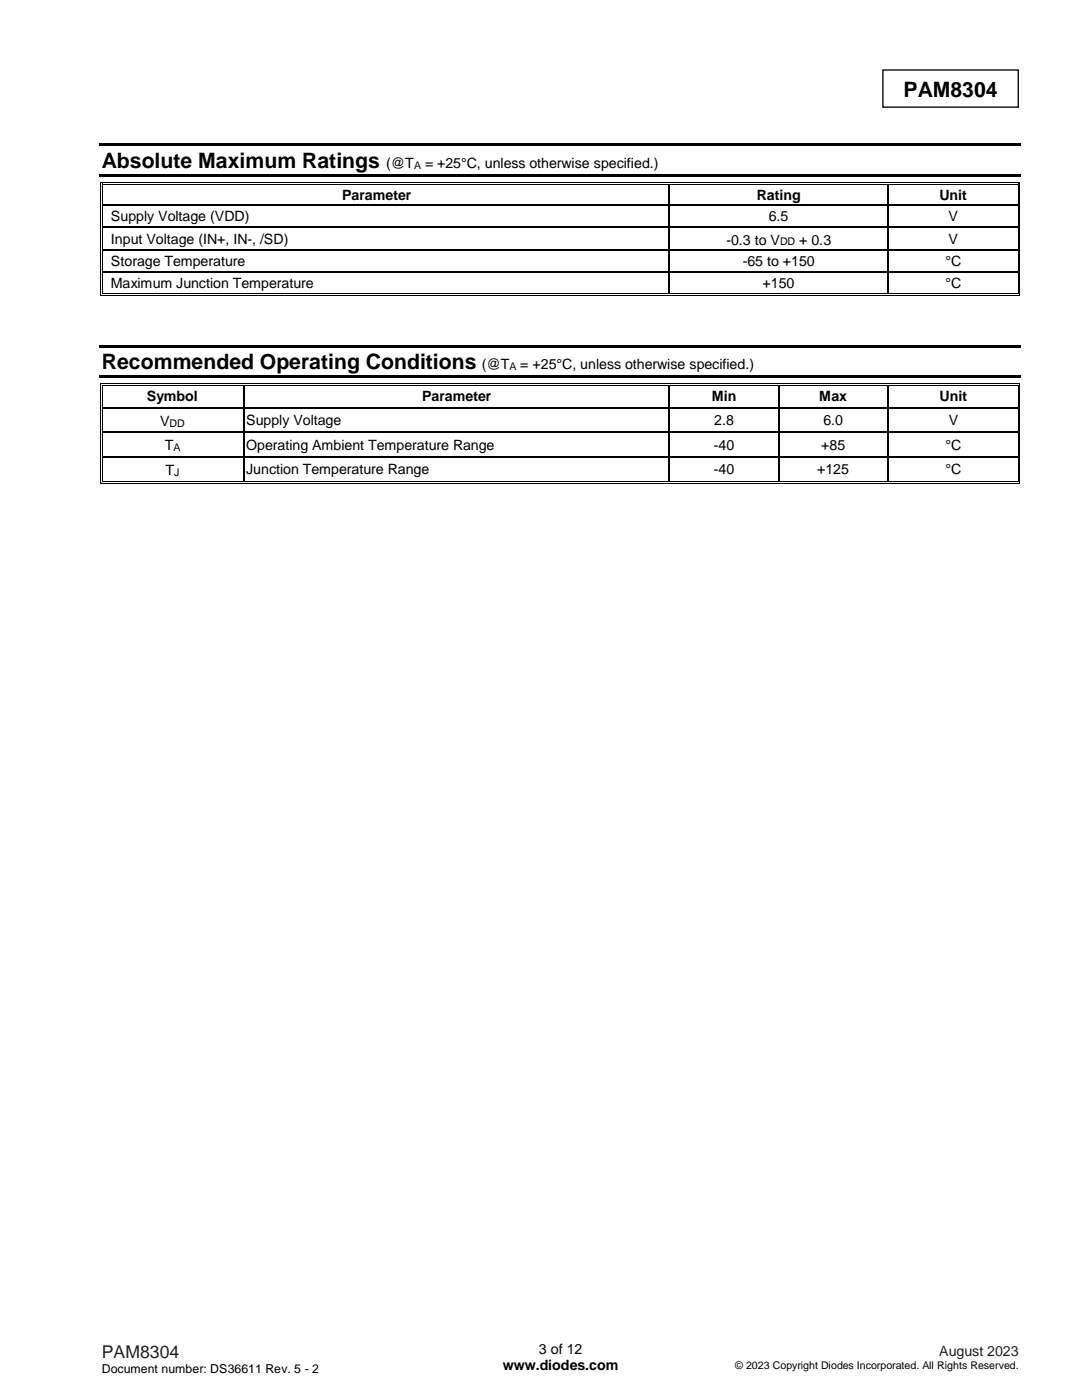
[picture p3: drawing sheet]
<svg xmlns="http://www.w3.org/2000/svg" width="216mm" height="279mm" viewBox="0 0 216 279" stroke-linecap="round" stroke-linejoin="round" font-family="sans-serif">
<defs><g id="words">
<g font-size="4.2">
<text x="180.3" y="19.3">PAM8304</text>
<text x="20.3" y="33.5">Absolute Maximum Ratings</text>
<text x="20.3" y="73.7">Recommended Operating Conditions</text>
</g>
<text font-size="3.5" fill="#231f20" x="20.3" y="271">PAM8304</text>
<g font-size="2.8">
<text x="77.1" y="33.5">(@T</text>
<text x="84.8" y="33.5">= +25°C, unless otherwise specified.)</text>
<text x="68.2" y="39.8">Parameter</text>
<text x="151" y="39.8">Rating</text>
<text x="187.4" y="39.8">Unit</text>
<text x="22.1" y="44.2">Supply Voltage (VDD)</text>
<text x="153.4" y="44.2">6.5</text>
<text x="189.3" y="44.2">V</text>
<text x="22.1" y="48.6">Input Voltage (IN+, IN-, /SD)</text>
<text x="22.1" y="53.1">Storage Temperature</text>
<text x="144.9" y="48.8">-0.3 to V</text>
<text x="148.2" y="53.1">-65 to +150</text>
<text x="159.5" y="48.8">+ 0.3</text>
<text x="188.6" y="53.1">°C</text>
<text x="189.3" y="48.6">V</text>
<text x="22.1" y="57.5">Maximum Junction Temperature</text>
<text x="152.2" y="57.5">+150</text>
<text x="188.6" y="57.5">°C</text>
<text x="96.1" y="73.7">(@T</text>
<text x="103.8" y="73.7">= +25°C, unless otherwise specified.)</text>
<text x="29.3" y="80.1">Symbol</text>
<text x="84.2" y="80.1">Parameter</text>
<text x="142.1" y="80.1">Min</text>
<text x="163.5" y="80.1">Max</text>
<text x="187.5" y="80.1">Unit</text>
<text x="31.9" y="85">V</text>
<text x="32.9" y="89.9">T</text>
<text x="49.1" y="84.8">Supply Voltage</text>
<text x="49.1" y="89.8">Operating Ambient Temperature Range</text>
<text x="142.4" y="89.8">-40</text>
<text x="142.5" y="84.8">2.8</text>
<text x="163.9" y="89.8">+85</text>
<text x="164.3" y="84.8">6.0</text>
<text x="188.6" y="89.8">°C</text>
<text x="189.3" y="84.8">V</text>
<text x="33" y="94.8">T</text>
<text x="49.1" y="94.7">Junction Temperature Range</text>
<text x="142.4" y="94.7">-40</text>
<text x="163.1" y="94.7">+125</text>
<text x="188.6" y="94.7">°C</text>
<text x="100.3" y="273.5">www.diodes.com</text>
<text x="107.5" y="270.3">3 of 12</text>
</g>
<text font-size="2.8" fill="#231f20" x="187.4" y="270.6">August 2023</text>
<text font-size="2.5" x="20.3" y="274">Document number: DS36611 Rev. 5 - 2</text>
<g font-size="2.1">
<text x="82.6" y="33.7">A</text>
<text x="155.6" y="49">DD</text>
<text x="101.7" y="73.8">A</text>
<text x="33.8" y="85.1">DD</text>
<text x="34.6" y="90.1">A</text>
<text x="34.8" y="95">J</text>
<text x="146.7" y="273.2">© 2023 Copyright Diodes Incorporated. All Rights Reserved.</text>
</g>
</g></defs>
<path d="M176.2 14h27v7.4h-27z" fill="none" stroke="#000" stroke-width=".26"/>
<g fill="#000">
<path d="M19.8 28.7h183.9v.5h-183.9z" fill-rule="evenodd"/>
<path d="M19.8 34.8h183.9v.5h-183.9z" fill-rule="evenodd"/>
<path d="M20 36.4h.2v.5h-.2z" fill-rule="evenodd"/>
<path d="M20 36.4h.5v.1h-.5z" fill-rule="evenodd"/>
<path d="M20.3 36.7h.2v.2h-.2z" fill-rule="evenodd"/>
<path d="M20.3 36.7h.2v.2h-.2z" fill-rule="evenodd"/>
<path d="M133.5 36.9h.2z" fill-rule="evenodd"/>
<path d="M133.5 36.4h.5v.1h-.5z" fill-rule="evenodd"/>
<path d="M133.5 36.7h.5v.2h-.5z" fill-rule="evenodd"/>
<path d="M177 36.9h.3z" fill-rule="evenodd"/>
<path d="M177 36.4h.5v.1h-.5z" fill-rule="evenodd"/>
<path d="M177 36.7h.5v.2h-.5z" fill-rule="evenodd"/>
<path d="M203.1 36.4h.5v.1h-.5z" fill-rule="evenodd"/>
<path d="M203.1 36.7h.1v.2h-.1z" fill-rule="evenodd"/>
<path d="M203.1 36.7h.1v.2h-.1z" fill-rule="evenodd"/>
<path d="M203.4 36.4h.2v.5h-.2z" fill-rule="evenodd"/>
<path d="M20 40.9h.2v.2h-.2z" fill-rule="evenodd"/>
<path d="M20 45.2h.2v.3h-.2z" fill-rule="evenodd"/>
<path d="M20 49.8h.2v.3h-.2z" fill-rule="evenodd"/>
<path d="M20 54.2h.2v.2h-.2z" fill-rule="evenodd"/>
<path d="M20 58.6h.2v.5h-.2z" fill-rule="evenodd"/>
<path d="M20 58.9h.5v.2h-.5z" fill-rule="evenodd"/>
<path d="M20.3 40.9h.2v.2h-.2z" fill-rule="evenodd"/>
<path d="M20.3 45.2h.2v.3h-.2z" fill-rule="evenodd"/>
<path d="M20.3 49.8h.2v.3h-.2z" fill-rule="evenodd"/>
<path d="M20.3 54.2h.2v.2h-.2z" fill-rule="evenodd"/>
<path d="M20.3 58.6h.2v.1h-.2z" fill-rule="evenodd"/>
<path d="M20.3 58.6h.2v.1h-.2z" fill-rule="evenodd"/>
<path d="M133.5 40.9h.2v.2h-.2z" fill-rule="evenodd"/>
<path d="M133.5 45.2h.2v.3h-.2z" fill-rule="evenodd"/>
<path d="M133.5 49.8h.2v.3h-.2z" fill-rule="evenodd"/>
<path d="M133.5 54.2h.2v.2h-.2z" fill-rule="evenodd"/>
<path d="M133.5 58.6h.5v.1h-.5z" fill-rule="evenodd"/>
<path d="M133.5 58.9h.5v.2h-.5z" fill-rule="evenodd"/>
<path d="M177 40.9h.3v.2h-.3z" fill-rule="evenodd"/>
<path d="M177 45.2h.3v.3h-.3z" fill-rule="evenodd"/>
<path d="M177 49.8h.3v.3h-.3z" fill-rule="evenodd"/>
<path d="M177 54.2h.3v.2h-.3z" fill-rule="evenodd"/>
<path d="M177 58.6h.5v.1h-.5z" fill-rule="evenodd"/>
<path d="M177 58.9h.5v.2h-.5z" fill-rule="evenodd"/>
<path d="M203.1 40.9h.1v.2h-.1z" fill-rule="evenodd"/>
<path d="M203.1 45.2h.1v.3h-.1z" fill-rule="evenodd"/>
<path d="M203.1 49.8h.1v.3h-.1z" fill-rule="evenodd"/>
<path d="M203.1 54.2h.1v.2h-.1z" fill-rule="evenodd"/>
<path d="M203.1 58.9h.5v.2h-.5z" fill-rule="evenodd"/>
<path d="M203.1 58.6h.1v.1h-.1z" fill-rule="evenodd"/>
<path d="M203.1 58.6h.1v.1h-.1z" fill-rule="evenodd"/>
<path d="M203.4 40.9h.2v.2h-.2z" fill-rule="evenodd"/>
<path d="M203.4 45.2h.2v.3h-.2z" fill-rule="evenodd"/>
<path d="M203.4 49.8h.2v.3h-.2z" fill-rule="evenodd"/>
<path d="M203.4 54.2h.2v.2h-.2z" fill-rule="evenodd"/>
<path d="M203.4 58.6h.2v.5h-.2z" fill-rule="evenodd"/>
<path d="M19.8 68.8h183.9v.5h-183.9z" fill-rule="evenodd"/>
<path d="M19.8 74.9h183.9v.5h-183.9z" fill-rule="evenodd"/>
<path d="M20 76.5h.2v1h-.2z" fill-rule="evenodd"/>
<path d="M20 76.5h.5v.2h-.5z" fill-rule="evenodd"/>
<path d="M20.3 76.8h.2v.7h-.2z" fill-rule="evenodd"/>
<path d="M20.3 76.8h.2v.2h-.2z" fill-rule="evenodd"/>
<path d="M48.5 77h.2v.5h-.2z" fill-rule="evenodd"/>
<path d="M48.5 76.5h.5v.2h-.5z" fill-rule="evenodd"/>
<path d="M48.5 76.8h.5v.2h-.5z" fill-rule="evenodd"/>
<path d="M133.5 77h.2v.5h-.2z" fill-rule="evenodd"/>
<path d="M133.5 76.5h.5v.2h-.5z" fill-rule="evenodd"/>
<path d="M133.5 76.8h.5v.2h-.5z" fill-rule="evenodd"/>
<path d="M155.3 77h.2v.5h-.2z" fill-rule="evenodd"/>
<path d="M155.3 76.5h.5v.2h-.5z" fill-rule="evenodd"/>
<path d="M155.3 76.8h.5v.2h-.5z" fill-rule="evenodd"/>
<path d="M177 77h.3v.5h-.3z" fill-rule="evenodd"/>
<path d="M177 76.5h.5v.2h-.5z" fill-rule="evenodd"/>
<path d="M177 76.8h.5v.2h-.5z" fill-rule="evenodd"/>
<path d="M203.1 76.5h.5v.2h-.5z" fill-rule="evenodd"/>
<path d="M203.1 76.8h.1v.7h-.1z" fill-rule="evenodd"/>
<path d="M203.1 76.8h.1v.2h-.1z" fill-rule="evenodd"/>
<path d="M203.4 76.5h.2v1h-.2z" fill-rule="evenodd"/>
<path d="M20 81.3h.2v.7h-.2z" fill-rule="evenodd"/>
<path d="M20 86.2h.2v.7h-.2z" fill-rule="evenodd"/>
<path d="M20 91.1h.2v.7h-.2z" fill-rule="evenodd"/>
<path d="M20 96h.2v.5h-.2z" fill-rule="evenodd"/>
<path d="M20 96.3h.5v.2h-.5z" fill-rule="evenodd"/>
<path d="M20.3 81.3h.2v.7h-.2z" fill-rule="evenodd"/>
<path d="M20.3 86.2h.2v.7h-.2z" fill-rule="evenodd"/>
<path d="M20.3 91.1h.2v.7h-.2z" fill-rule="evenodd"/>
<path d="M20.3 96h.2v.2h-.2z" fill-rule="evenodd"/>
<path d="M20.3 96h.2v.2h-.2z" fill-rule="evenodd"/>
<path d="M48.5 81.3h.2v.7h-.2z" fill-rule="evenodd"/>
<path d="M48.5 86.2h.2v.7h-.2z" fill-rule="evenodd"/>
<path d="M48.5 91.1h.2v.7h-.2z" fill-rule="evenodd"/>
<path d="M48.5 96h.5v.2h-.5z" fill-rule="evenodd"/>
<path d="M48.5 96.3h.5v.2h-.5z" fill-rule="evenodd"/>
<path d="M133.5 81.3h.2v.7h-.2z" fill-rule="evenodd"/>
<path d="M133.5 86.2h.2v.7h-.2z" fill-rule="evenodd"/>
<path d="M133.5 91.1h.2v.7h-.2z" fill-rule="evenodd"/>
<path d="M133.5 96h.5v.2h-.5z" fill-rule="evenodd"/>
<path d="M133.5 96.3h.5v.2h-.5z" fill-rule="evenodd"/>
<path d="M155.3 81.3h.2v.7h-.2z" fill-rule="evenodd"/>
<path d="M155.3 86.2h.2v.7h-.2z" fill-rule="evenodd"/>
<path d="M155.3 91.1h.2v.7h-.2z" fill-rule="evenodd"/>
<path d="M155.3 96h.5v.2h-.5z" fill-rule="evenodd"/>
<path d="M155.3 96.3h.5v.2h-.5z" fill-rule="evenodd"/>
<path d="M177 81.3h.3v.7h-.3z" fill-rule="evenodd"/>
<path d="M177 86.2h.3v.7h-.3z" fill-rule="evenodd"/>
<path d="M177 91.1h.3v.7h-.3z" fill-rule="evenodd"/>
<path d="M177 96h.5v.2h-.5z" fill-rule="evenodd"/>
<path d="M177 96.3h.5v.2h-.5z" fill-rule="evenodd"/>
<path d="M203.1 81.3h.1v.7h-.1z" fill-rule="evenodd"/>
<path d="M203.1 86.2h.1v.7h-.1z" fill-rule="evenodd"/>
<path d="M203.1 91.1h.1v.7h-.1z" fill-rule="evenodd"/>
<path d="M203.1 96.3h.5v.2h-.5z" fill-rule="evenodd"/>
<path d="M203.1 96h.1v.2h-.1z" fill-rule="evenodd"/>
<path d="M203.1 96h.1v.2h-.1z" fill-rule="evenodd"/>
<path d="M203.4 81.3h.2v.7h-.2z" fill-rule="evenodd"/>
<path d="M203.4 86.2h.2v.7h-.2z" fill-rule="evenodd"/>
<path d="M203.4 91.1h.2v.7h-.2z" fill-rule="evenodd"/>
<path d="M203.4 96h.2v.5h-.2z" fill-rule="evenodd"/>
</g>
<g fill="none" stroke="#000" stroke-width=".2">
<path d="M20.1 36.9v4M20.4 36.9v4M20.5 36.5h113M20.5 36.8h113M134 36.5h43M134 36.8h43M177.5 36.5h25.6M177.5 36.8h25.6M203.2 36.9v4M203.5 36.9v4M20.1 41.1v4.1M20.1 45.5v4.3"/>
<path d="M20.1 50.1v4.1M20.1 54.4v4.2M20.4 41.1v4.1M20.4 45.5v4.3M20.4 50.1v4.1M20.4 54.4v4.2M20.5 59h113M20.5 58.6h113M134 59h43M134 58.6h43M177.5 59h25.6M177.5 58.6h25.6"/>
<path d="M203.2 41.1v4.1M203.2 45.5v4.3M203.2 50.1v4.1M203.2 54.4v4.2M203.5 41.1v4.1M203.5 45.5v4.3M203.5 50.1v4.1M203.5 54.4v4.2M20.1 77.5v3.8M20.4 77.5v3.8M20.5 76.6h28M20.5 76.9h28"/>
<path d="M49 76.6h84.5M49 76.9h84.5M134 76.6h21.3M134 76.9h21.3M155.8 76.6h21.2M155.8 76.9h21.2M177.5 76.6h25.6M177.5 76.9h25.6M203.2 77.5v3.8M203.5 77.5v3.8M20.1 82v4.2M20.1 86.9v4.2"/>
<path d="M20.1 91.8v4.2M20.4 82v4.2M20.4 86.9v4.2M20.4 91.8v4.2M20.5 96.4h28M20.5 96.1h28M49 96.4h84.5M49 96.1h84.5M134 96.4h21.3M134 96.1h21.3M155.8 96.4h21.2M155.8 96.1h21.2"/>
<path d="M177.5 96.4h25.6M177.5 96.1h25.6M203.2 82v4.2M203.2 86.9v4.2M203.2 91.8v4.2M203.5 82v4.2M203.5 86.9v4.2M203.5 91.8v4.2"/>
</g>
<g fill="none" stroke="#000" stroke-width=".25">
<path d="M133.6 36.9v4M177.2 36.9v4M20.5 41h113M20.5 45.3h113M20.5 50h113M20.5 54.3h113M133.6 41.1v4.1M133.6 45.5v4.3M133.6 50.1v4.1M133.6 54.4v4.2M133.7 41h43.3M133.7 45.3h43.3"/>
<path d="M133.7 50h43.3M133.7 54.3h43.3M177.2 41.1v4.1M177.2 45.5v4.3M177.2 50.1v4.1M177.2 54.4v4.2M177.3 41h25.8M177.3 45.3h25.8M177.3 50h25.8M177.3 54.3h25.8M48.6 77.5v3.8M133.6 77.5v3.8"/>
<path d="M155.4 77.5v3.8M177.2 77.5v3.8M20.5 81.4h28M20.5 86.3h28M20.5 91.2h28M48.6 82v4.2M48.6 86.9v4.2M48.6 91.8v4.2M48.7 81.4h84.8M48.7 86.3h84.8M48.7 91.2h84.8M133.6 82v4.2"/>
<path d="M133.6 86.9v4.2M133.6 91.8v4.2M133.7 81.4h21.6M133.7 86.3h21.6M133.7 91.2h21.6M155.4 82v4.2M155.4 86.9v4.2M155.4 91.8v4.2M155.5 81.4h21.5M155.5 86.3h21.5M155.5 91.2h21.5M177.2 82v4.2"/>
<path d="M177.2 86.9v4.2M177.2 91.8v4.2M177.3 81.4h25.8M177.3 86.3h25.8M177.3 91.2h25.8"/>
</g>
<use href="#words"/>
</svg>

▸ The task
Above are the records; copy exactly the lines from the one with "41.1v4.1M203.2 45.5v4.3M203.2 50.1v4.1M203.2" through the final line.

▸ Finished exercise
<path d="M203.2 41.1v4.1M203.2 45.5v4.3M203.2 50.1v4.1M203.2 54.4v4.2M203.5 41.1v4.1M203.5 45.5v4.3M203.5 50.1v4.1M203.5 54.4v4.2M20.1 77.5v3.8M20.4 77.5v3.8M20.5 76.6h28M20.5 76.9h28"/>
<path d="M49 76.6h84.5M49 76.9h84.5M134 76.6h21.3M134 76.9h21.3M155.8 76.6h21.2M155.8 76.9h21.2M177.5 76.6h25.6M177.5 76.9h25.6M203.2 77.5v3.8M203.5 77.5v3.8M20.1 82v4.2M20.1 86.9v4.2"/>
<path d="M20.1 91.8v4.2M20.4 82v4.2M20.4 86.9v4.2M20.4 91.8v4.2M20.5 96.4h28M20.5 96.1h28M49 96.4h84.5M49 96.1h84.5M134 96.4h21.3M134 96.1h21.3M155.8 96.4h21.2M155.8 96.1h21.2"/>
<path d="M177.5 96.4h25.6M177.5 96.1h25.6M203.2 82v4.2M203.2 86.9v4.2M203.2 91.8v4.2M203.5 82v4.2M203.5 86.9v4.2M203.5 91.8v4.2"/>
</g>
<g fill="none" stroke="#000" stroke-width=".25">
<path d="M133.6 36.9v4M177.2 36.9v4M20.5 41h113M20.5 45.3h113M20.5 50h113M20.5 54.3h113M133.6 41.1v4.1M133.6 45.5v4.3M133.6 50.1v4.1M133.6 54.4v4.2M133.7 41h43.3M133.7 45.3h43.3"/>
<path d="M133.7 50h43.3M133.7 54.3h43.3M177.2 41.1v4.1M177.2 45.5v4.3M177.2 50.1v4.1M177.2 54.4v4.2M177.3 41h25.8M177.3 45.3h25.8M177.3 50h25.8M177.3 54.3h25.8M48.6 77.5v3.8M133.6 77.5v3.8"/>
<path d="M155.4 77.5v3.8M177.2 77.5v3.8M20.5 81.4h28M20.5 86.3h28M20.5 91.2h28M48.6 82v4.2M48.6 86.9v4.2M48.6 91.8v4.2M48.7 81.4h84.8M48.7 86.3h84.8M48.7 91.2h84.8M133.6 82v4.2"/>
<path d="M133.6 86.9v4.2M133.6 91.8v4.2M133.7 81.4h21.6M133.7 86.3h21.6M133.7 91.2h21.6M155.4 82v4.2M155.4 86.9v4.2M155.4 91.8v4.2M155.5 81.4h21.5M155.5 86.3h21.5M155.5 91.2h21.5M177.2 82v4.2"/>
<path d="M177.2 86.9v4.2M177.2 91.8v4.2M177.3 81.4h25.8M177.3 86.3h25.8M177.3 91.2h25.8"/>
</g>
<use href="#words"/>
</svg>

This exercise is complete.